On April 5, 2013, David Blass, the Chief Counsel of the SEC’s Division of Trading and Markets, addressed how certain activities of private fund advisers may raise broker-dealer status concerns.
Blass said that certain private fund advisers’ payments to personnel of transaction-based compensation for selling interests in a fund could raise broker-dealer status issues under Section 15(a) of the Exchange Act. He noted a March 2013 enforcement action in which the SEC settled charges against a private equity fund adviser and one of its executives for paying transaction-based fees to an independent consultant to solicit investors in the fund when the consultant was not registered as a broker.
Other than transaction-based compensation, Blass said that “a dedicated sales force of employees working within a ‘marketing’ department” of the adviser could be another strong indicator of brokerage activities. Consistent with the requirements under a safe harbor contained in Rule 3a4-1, he encouraged advisers to evaluate whether employees who solicit investors have other responsibilities. Rule 3a4-1 is available to an associated person or employee of a broker-dealer that, among other things, (1) does not receive transactionbased compensation tied to securities transactions; (2) performs substantial duties for the issuer other than in connection with transactions in securities; (3) was not an associated person of a broker or dealer within the preceding 12 months; and (4) does not participate in selling an offering of securities for any issuer more than once every 12 months.

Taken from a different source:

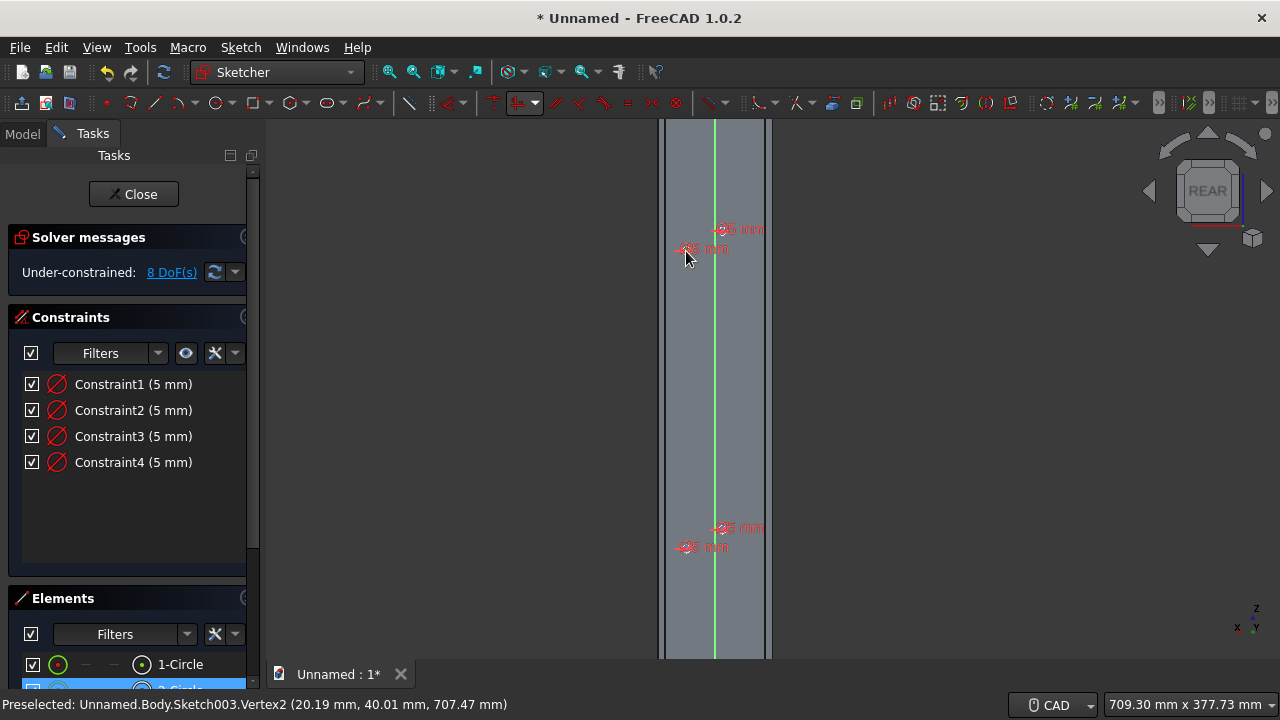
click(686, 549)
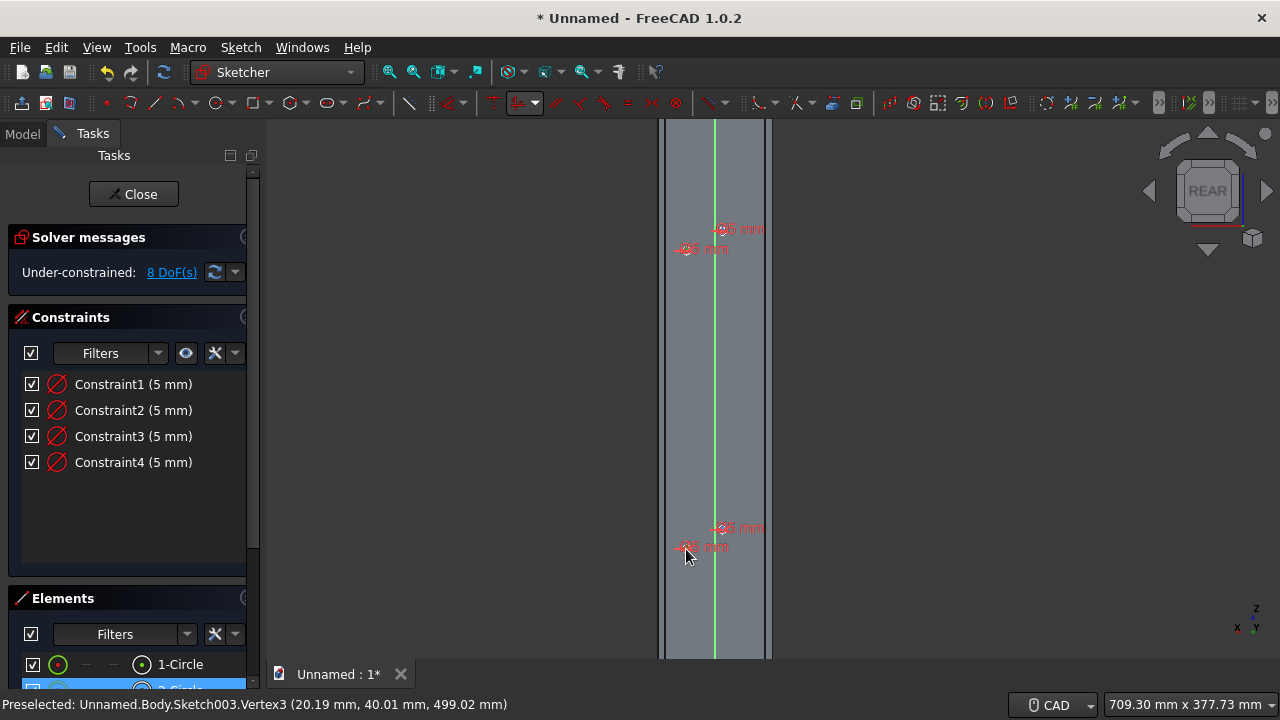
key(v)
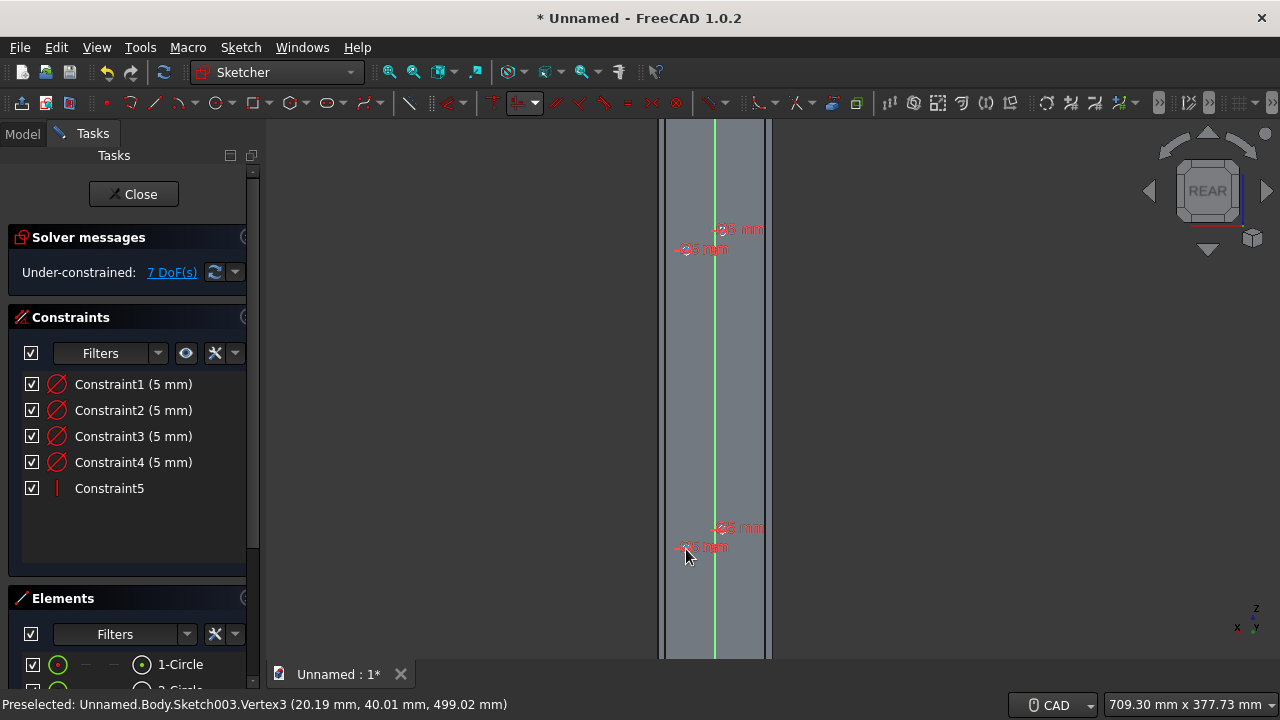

Blass also discussed the practice of charging transaction-based compensation for “investment banking activity” in connection with the acquisition or disposition of a private equity fund’s portfolio company, including “negotiating transactions, identifying and soliciting purchasers or sellers of the securities of the company, or structuring transactions.” Blass suggested that an adviser’s receipt of such fees does not raise broker-dealer status issues when the adviser offsets its management fee by the amount of the transaction fee.
Blass emphasized the serious consequences of acting as an unregistered broker-dealer, noting the potential right of rescission of investors whose transactions are intermediated by an “inappropriately unregistered” broker-dealer.